#### [INFORMATION]

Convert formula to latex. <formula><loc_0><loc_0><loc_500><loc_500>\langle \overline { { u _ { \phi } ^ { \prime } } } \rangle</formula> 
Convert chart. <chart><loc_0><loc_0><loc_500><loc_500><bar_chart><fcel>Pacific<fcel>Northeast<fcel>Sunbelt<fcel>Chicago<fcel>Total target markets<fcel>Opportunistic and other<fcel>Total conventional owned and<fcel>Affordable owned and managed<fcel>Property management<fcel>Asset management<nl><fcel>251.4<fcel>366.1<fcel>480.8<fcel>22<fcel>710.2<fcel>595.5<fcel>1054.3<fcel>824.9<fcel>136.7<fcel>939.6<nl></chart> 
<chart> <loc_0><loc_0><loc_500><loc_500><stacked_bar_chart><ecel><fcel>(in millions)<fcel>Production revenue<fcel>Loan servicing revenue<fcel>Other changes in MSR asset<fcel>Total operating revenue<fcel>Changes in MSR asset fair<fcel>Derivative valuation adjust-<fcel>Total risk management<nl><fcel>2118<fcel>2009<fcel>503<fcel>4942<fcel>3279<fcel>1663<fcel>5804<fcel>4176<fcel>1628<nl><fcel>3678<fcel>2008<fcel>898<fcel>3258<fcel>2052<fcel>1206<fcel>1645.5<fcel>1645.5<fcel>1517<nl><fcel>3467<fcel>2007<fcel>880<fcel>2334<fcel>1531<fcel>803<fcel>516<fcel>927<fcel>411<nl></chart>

...

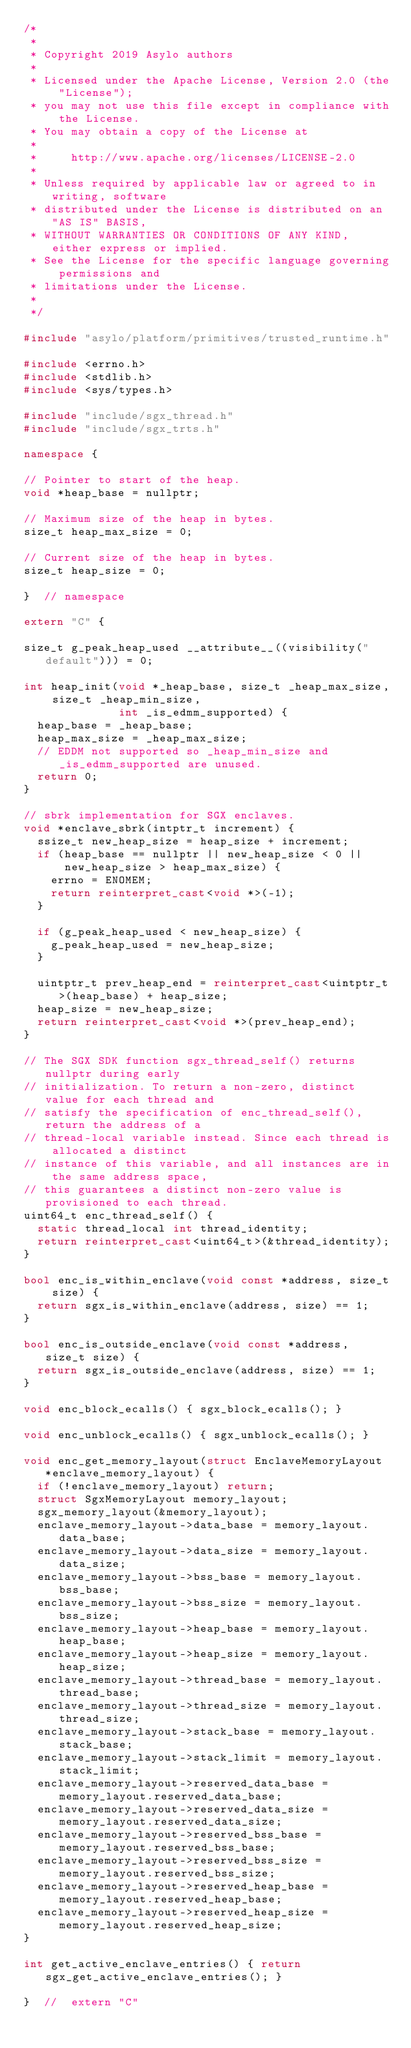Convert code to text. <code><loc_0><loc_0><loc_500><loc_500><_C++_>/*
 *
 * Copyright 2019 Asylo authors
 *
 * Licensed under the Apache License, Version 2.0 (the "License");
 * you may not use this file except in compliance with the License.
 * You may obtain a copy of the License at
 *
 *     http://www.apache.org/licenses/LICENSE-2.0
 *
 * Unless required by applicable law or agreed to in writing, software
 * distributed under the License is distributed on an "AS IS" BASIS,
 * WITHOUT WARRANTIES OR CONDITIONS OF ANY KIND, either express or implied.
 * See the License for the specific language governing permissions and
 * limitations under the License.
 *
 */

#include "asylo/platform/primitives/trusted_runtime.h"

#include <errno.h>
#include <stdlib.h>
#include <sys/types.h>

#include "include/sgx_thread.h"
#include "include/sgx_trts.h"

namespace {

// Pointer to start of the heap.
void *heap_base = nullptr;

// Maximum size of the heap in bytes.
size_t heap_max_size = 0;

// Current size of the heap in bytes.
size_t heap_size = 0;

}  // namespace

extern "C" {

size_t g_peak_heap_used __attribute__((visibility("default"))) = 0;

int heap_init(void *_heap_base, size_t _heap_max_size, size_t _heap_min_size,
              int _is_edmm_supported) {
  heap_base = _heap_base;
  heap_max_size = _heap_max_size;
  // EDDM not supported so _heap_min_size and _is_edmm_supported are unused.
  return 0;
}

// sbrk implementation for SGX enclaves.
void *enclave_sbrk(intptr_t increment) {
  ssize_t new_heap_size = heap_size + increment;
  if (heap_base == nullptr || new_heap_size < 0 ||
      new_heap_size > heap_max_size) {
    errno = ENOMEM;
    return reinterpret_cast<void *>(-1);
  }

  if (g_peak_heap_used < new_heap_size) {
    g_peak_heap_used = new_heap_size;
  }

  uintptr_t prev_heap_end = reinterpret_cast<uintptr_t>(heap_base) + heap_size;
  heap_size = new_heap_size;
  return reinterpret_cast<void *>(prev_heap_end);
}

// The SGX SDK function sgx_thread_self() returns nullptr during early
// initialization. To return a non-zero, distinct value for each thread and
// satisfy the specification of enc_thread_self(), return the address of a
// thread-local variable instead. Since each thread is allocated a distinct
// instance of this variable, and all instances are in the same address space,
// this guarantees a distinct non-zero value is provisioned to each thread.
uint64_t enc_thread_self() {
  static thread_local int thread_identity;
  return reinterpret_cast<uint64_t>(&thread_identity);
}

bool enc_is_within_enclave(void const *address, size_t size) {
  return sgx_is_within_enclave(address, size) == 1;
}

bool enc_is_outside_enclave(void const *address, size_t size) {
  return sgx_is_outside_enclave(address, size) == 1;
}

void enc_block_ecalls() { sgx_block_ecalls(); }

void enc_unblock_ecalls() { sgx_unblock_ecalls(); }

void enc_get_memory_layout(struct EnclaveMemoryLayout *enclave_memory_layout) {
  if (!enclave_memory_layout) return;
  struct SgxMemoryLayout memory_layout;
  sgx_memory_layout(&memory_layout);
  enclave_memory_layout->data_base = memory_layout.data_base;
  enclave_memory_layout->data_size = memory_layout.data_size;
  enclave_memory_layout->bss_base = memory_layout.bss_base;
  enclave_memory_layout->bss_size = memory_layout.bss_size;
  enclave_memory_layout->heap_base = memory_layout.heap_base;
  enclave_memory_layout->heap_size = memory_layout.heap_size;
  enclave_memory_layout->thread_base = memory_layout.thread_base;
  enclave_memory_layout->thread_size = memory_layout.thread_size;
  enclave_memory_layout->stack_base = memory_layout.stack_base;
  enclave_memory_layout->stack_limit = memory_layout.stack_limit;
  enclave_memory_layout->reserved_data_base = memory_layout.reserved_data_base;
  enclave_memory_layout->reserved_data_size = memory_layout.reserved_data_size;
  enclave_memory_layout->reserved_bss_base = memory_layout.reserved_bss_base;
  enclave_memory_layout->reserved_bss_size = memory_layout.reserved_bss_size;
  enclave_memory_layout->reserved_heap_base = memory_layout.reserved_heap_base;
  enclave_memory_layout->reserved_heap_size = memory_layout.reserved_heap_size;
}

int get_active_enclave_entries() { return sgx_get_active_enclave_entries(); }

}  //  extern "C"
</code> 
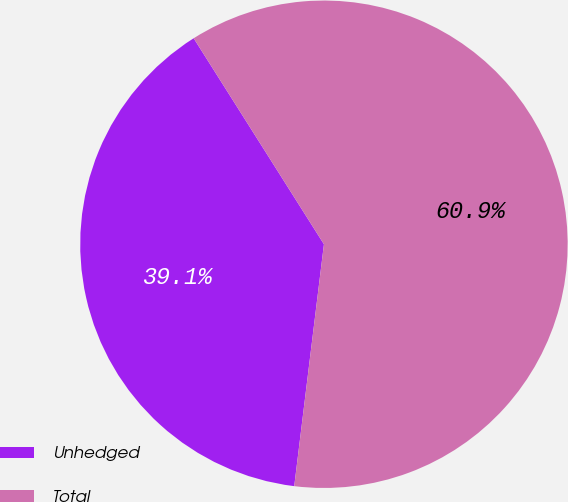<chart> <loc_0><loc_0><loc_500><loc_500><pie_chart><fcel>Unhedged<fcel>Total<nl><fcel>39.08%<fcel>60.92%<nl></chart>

...

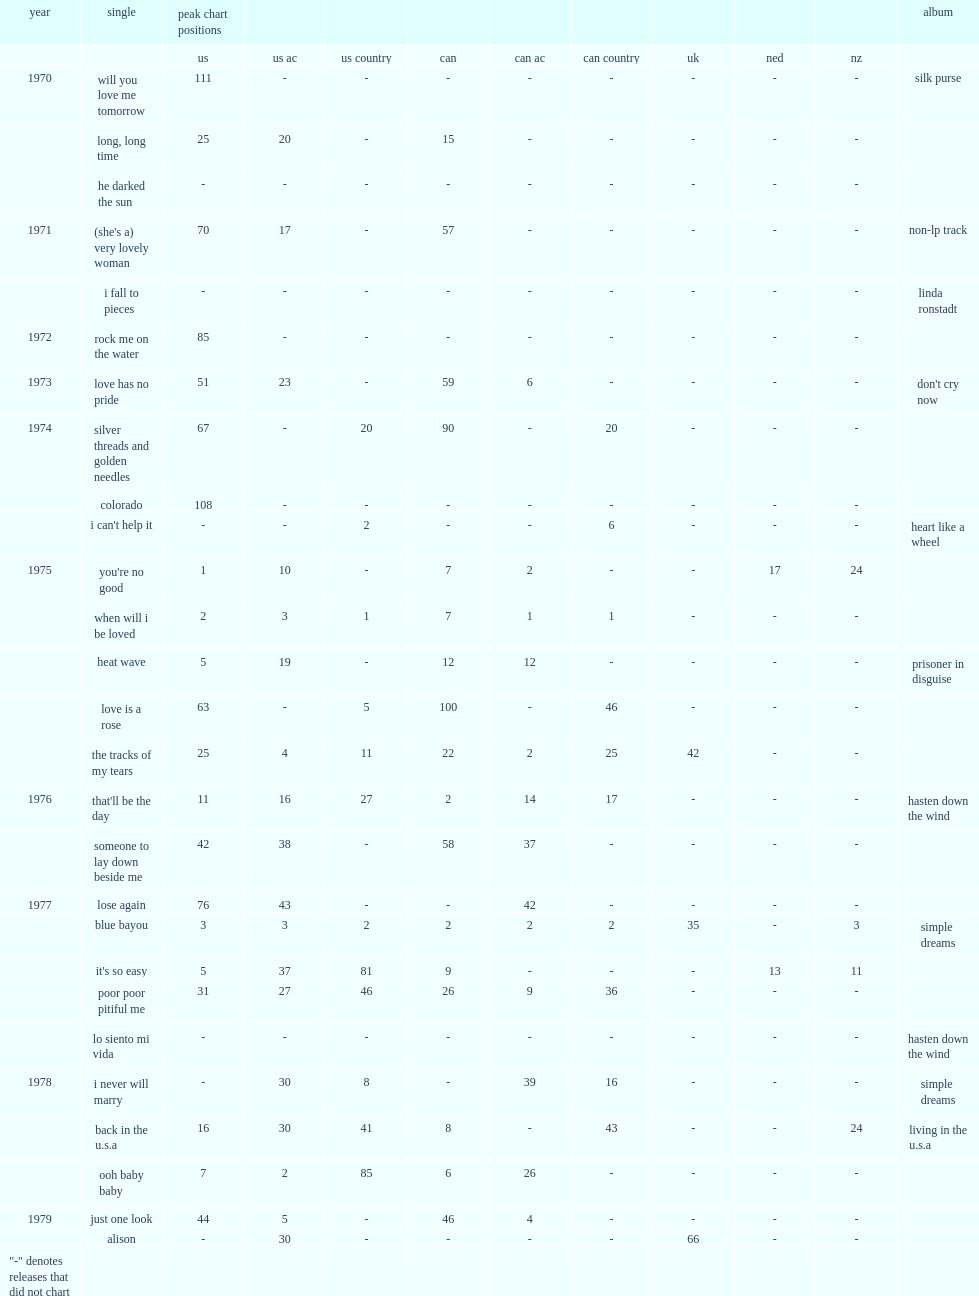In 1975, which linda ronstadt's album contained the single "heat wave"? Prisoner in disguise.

#### [ABOUT THIS EXERCISE]
The lines holding the word "distinct" are the answer. Find them in the entries and copy them.

#### [WRITTEN RESPONSE]
// initialization. To return a non-zero, distinct value for each thread and
// thread-local variable instead. Since each thread is allocated a distinct
// this guarantees a distinct non-zero value is provisioned to each thread.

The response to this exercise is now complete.